Regardless of which type of mammogram wins out, experts agree that any mammogram tends to be better than no mammogram.

"You can catch the cancer before it's even large enough for you to feel it," Black said. "So before you ever even have a true lump, you find it when it's just calcifications or something that's only a couple millimeters in size, which you would never have known about without the mammogram."

Nevertheless, there is a problem called "overdiagnosis," whereby a benign tumor is detected during a mammogram and treated on the assumption that it is malignant.

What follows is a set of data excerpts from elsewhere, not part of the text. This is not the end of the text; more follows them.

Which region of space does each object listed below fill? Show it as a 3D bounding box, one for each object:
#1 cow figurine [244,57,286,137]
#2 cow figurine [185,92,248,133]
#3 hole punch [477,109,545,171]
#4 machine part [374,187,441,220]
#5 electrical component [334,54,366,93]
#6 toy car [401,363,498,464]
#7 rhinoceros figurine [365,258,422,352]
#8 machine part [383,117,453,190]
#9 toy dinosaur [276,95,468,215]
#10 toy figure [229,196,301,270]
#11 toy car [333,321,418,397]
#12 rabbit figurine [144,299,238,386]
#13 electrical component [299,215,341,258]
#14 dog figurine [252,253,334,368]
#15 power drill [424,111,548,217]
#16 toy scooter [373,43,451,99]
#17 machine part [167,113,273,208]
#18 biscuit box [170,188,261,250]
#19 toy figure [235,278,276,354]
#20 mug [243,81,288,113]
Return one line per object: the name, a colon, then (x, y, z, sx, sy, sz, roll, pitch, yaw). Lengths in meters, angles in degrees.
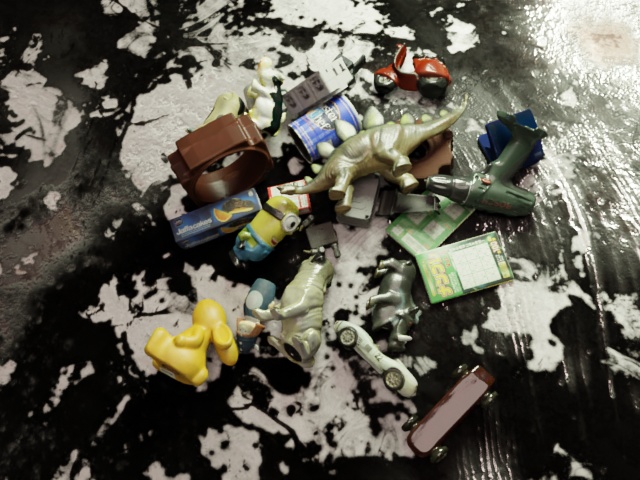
cow figurine: (-0.116, -0.323, 1.215, 0.098, 0.068, 0.167, 15, 92, -12)
cow figurine: (-0.237, -0.259, 1.247, 0.086, 0.127, 0.195, 18, 69, 16)
hole punch: (0.421, -0.212, 1.175, 0.142, 0.092, 0.116, -20, 71, -5)
machine part: (0.191, -0.078, 1.158, 0.139, 0.039, 0.084, 5, 54, 26)
electrical component: (0.057, -0.408, 1.299, 0.048, 0.074, 0.119, 36, 81, 17)
toy car: (0.244, 0.320, 1.003, 0.202, 0.053, 0.089, -45, 60, -7)
rhinoceros figurine: (0.150, 0.130, 1.083, 0.112, 0.073, 0.190, 11, 68, -2)
machine part: (0.214, -0.194, 1.200, 0.179, 0.056, 0.179, -4, 65, 10)
toy dinosaur: (0.128, -0.190, 1.131, 0.472, 0.105, 0.199, -19, 59, -8)
toy figure: (-0.121, -0.017, 1.151, 0.180, 0.082, 0.089, -40, 93, 7)
toy car: (0.105, 0.227, 1.044, 0.202, 0.073, 0.056, 41, 82, 19)
rabbit figurine: (-0.243, 0.195, 1.079, 0.163, 0.121, 0.173, 15, 52, 19)
electrical component: (-0.002, -0.005, 1.163, 0.078, 0.045, 0.102, -13, 68, 3)
dog figurine: (-0.016, 0.140, 1.092, 0.121, 0.172, 0.190, 2, 33, 49)
power drill: (0.358, -0.158, 1.111, 0.232, 0.086, 0.207, 22, 98, -4)
toy scooter: (0.223, -0.410, 1.283, 0.184, 0.075, 0.135, 7, 69, 14)
machine part: (-0.209, -0.166, 1.166, 0.201, 0.201, 0.087, -28, 71, -5)
biscuit box: (-0.227, -0.045, 1.197, 0.203, 0.059, 0.063, -21, 68, -2)
toy figure: (-0.138, 0.157, 1.111, 0.064, 0.057, 0.154, -1, 64, 48)
mug: (-0.122, -0.317, 1.288, 0.110, 0.081, 0.107, -9, 80, -7)

The most recent study, published earlier this year in the Annals of Internal Medicine, estimates that about 15% of breast cancer cases identified during screening turned out to be overdiagnosed. In these cases, the cure can be worse than the disease. Patients may undergo a cascade of aggressive treatments — surgery, radiation and chemotherapy — on a tumor that would have otherwise remained harmless. Still, the benefits of mammograms are believed to outweigh the risks.

Black recommends that women start getting mammograms once they reach the age of 40. However, women with a family history of breast cancer should consider screening even earlier.

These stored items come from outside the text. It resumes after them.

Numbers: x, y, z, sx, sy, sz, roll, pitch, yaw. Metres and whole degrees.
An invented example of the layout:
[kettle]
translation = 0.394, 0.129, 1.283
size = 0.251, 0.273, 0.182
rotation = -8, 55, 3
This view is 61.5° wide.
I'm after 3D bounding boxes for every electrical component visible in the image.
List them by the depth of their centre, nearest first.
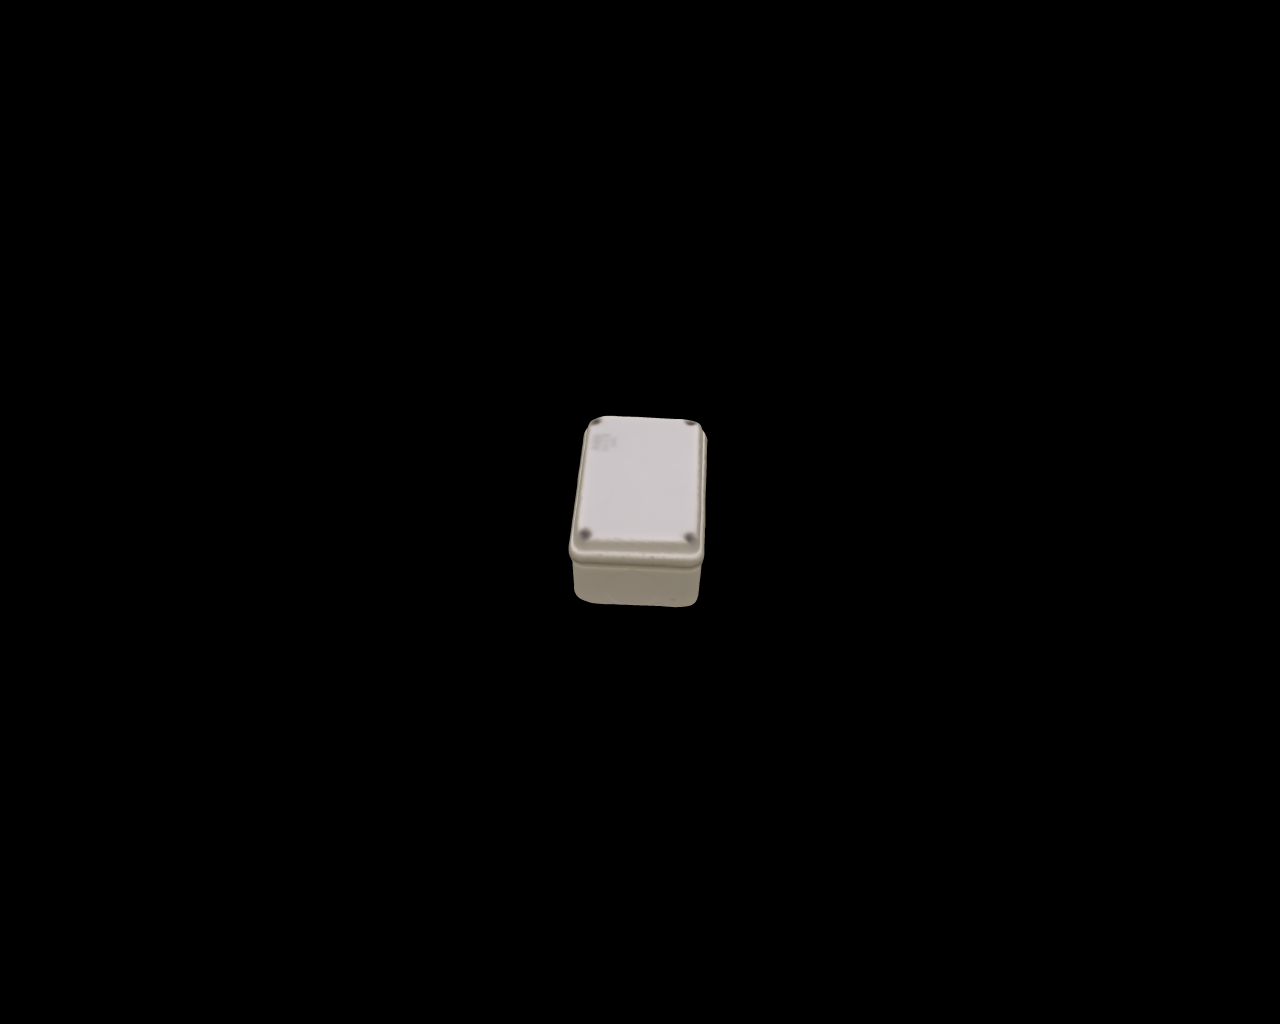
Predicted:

"The typical rule there is that if you have a first-degree relative with breast cancer, your screening should start 10 years younger than however old they were when they were diagnosed," she said. For these women, she recommends 3D imaging because it is better at detecting tumors in dense breast tissue, which is more typical of younger women.

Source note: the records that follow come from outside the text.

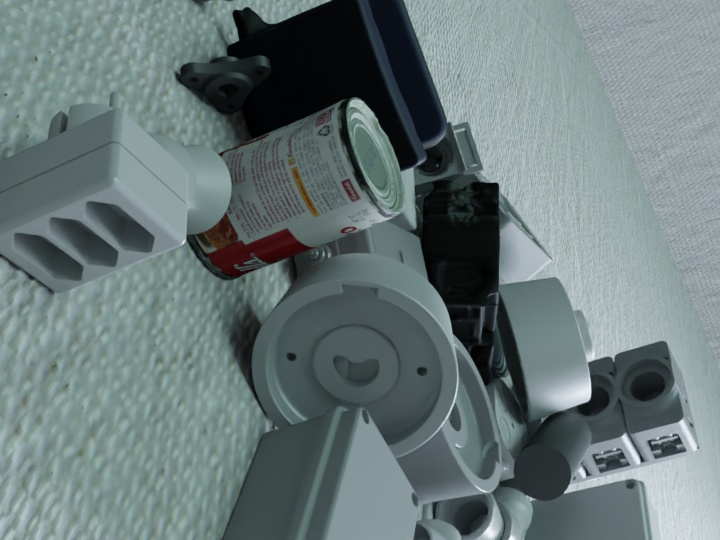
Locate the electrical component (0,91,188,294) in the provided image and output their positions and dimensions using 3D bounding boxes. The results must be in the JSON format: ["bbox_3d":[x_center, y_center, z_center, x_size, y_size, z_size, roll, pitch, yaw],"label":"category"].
[{"bbox_3d":[-0.110,-0.041,0.439,0.047,0.066,0.076,46,31,-47],"label":"electrical component"}]

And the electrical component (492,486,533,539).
[{"bbox_3d":[0.106,0.191,0.799,0.040,0.040,0.046,61,29,-23],"label":"electrical component"}]

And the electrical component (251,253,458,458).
[{"bbox_3d":[0.000,0.043,0.583,0.108,0.108,0.060,63,16,-18],"label":"electrical component"}]

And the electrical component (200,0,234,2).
[{"bbox_3d":[-0.090,-0.200,0.661,0.043,0.043,0.062,33,41,-58],"label":"electrical component"}]

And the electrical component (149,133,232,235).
[{"bbox_3d":[-0.093,-0.040,0.508,0.055,0.045,0.045,4,68,-67],"label":"electrical component"}]

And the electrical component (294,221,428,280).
[{"bbox_3d":[0.000,0.000,0.678,0.096,0.061,0.061,32,42,-58],"label":"electrical component"}]

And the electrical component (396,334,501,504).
[{"bbox_3d":[0.041,0.097,0.692,0.108,0.060,0.108,50,28,-40],"label":"electrical component"}]

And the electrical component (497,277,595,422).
[{"bbox_3d":[0.145,0.057,0.827,0.108,0.060,0.108,-14,90,-89],"label":"electrical component"}]

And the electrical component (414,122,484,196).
[{"bbox_3d":[0.053,-0.087,0.871,0.064,0.081,0.042,126,-52,-80],"label":"electrical component"}]

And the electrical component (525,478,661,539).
[{"bbox_3d":[0.186,0.233,0.862,0.056,0.109,0.108,60,23,-31],"label":"electrical component"}]

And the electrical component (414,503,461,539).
[{"bbox_3d":[0.042,0.177,0.647,0.077,0.043,0.079,58,24,-29],"label":"electrical component"}]

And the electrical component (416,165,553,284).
[{"bbox_3d":[0.102,-0.034,0.907,0.078,0.057,0.113,39,15,-34],"label":"electrical component"}]

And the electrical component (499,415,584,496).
[{"bbox_3d":[0.144,0.148,0.898,0.096,0.061,0.061,-4,76,-68],"label":"electrical component"}]

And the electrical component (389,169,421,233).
[{"bbox_3d":[0.020,-0.046,0.786,0.076,0.047,0.065,51,28,-42],"label":"electrical component"}]

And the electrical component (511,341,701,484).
[{"bbox_3d":[0.216,0.130,0.968,0.061,0.150,0.089,54,26,-39],"label":"electrical component"}]

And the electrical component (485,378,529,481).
[{"bbox_3d":[0.092,0.123,0.807,0.080,0.051,0.080,51,28,-41],"label":"electrical component"}]

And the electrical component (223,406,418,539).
[{"bbox_3d":[-0.017,0.130,0.526,0.078,0.057,0.113,61,23,-23],"label":"electrical component"}]

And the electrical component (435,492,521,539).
[{"bbox_3d":[0.083,0.177,0.747,0.055,0.045,0.045,49,30,-44],"label":"electrical component"}]

Women can also talk to their doctors about genetic testing. It is estimated that about 5% to 10% of breast cancer cases are hereditary. People who inherit mutations of the BRCA1 or BRCA2 gene, for example, can have a lifetime breast cancer risk of 80%.

"Those are the patients that we actually talk about risk reduction surgery, so basically having a mastectomy before you have cancer to prevent getting it in the first place," Black said.

But women without these predispositions should not be lulled into a false sense of security, she said, because most breast cancers occur in women without any family history.

"Just because you don't have a family history does not mean you don't need screening," she said. "Screening works best when we do it in patients who can't feel anything in their breast. If you wait until you can feel a mass, then you're actually waiting until it's at a more advanced stage."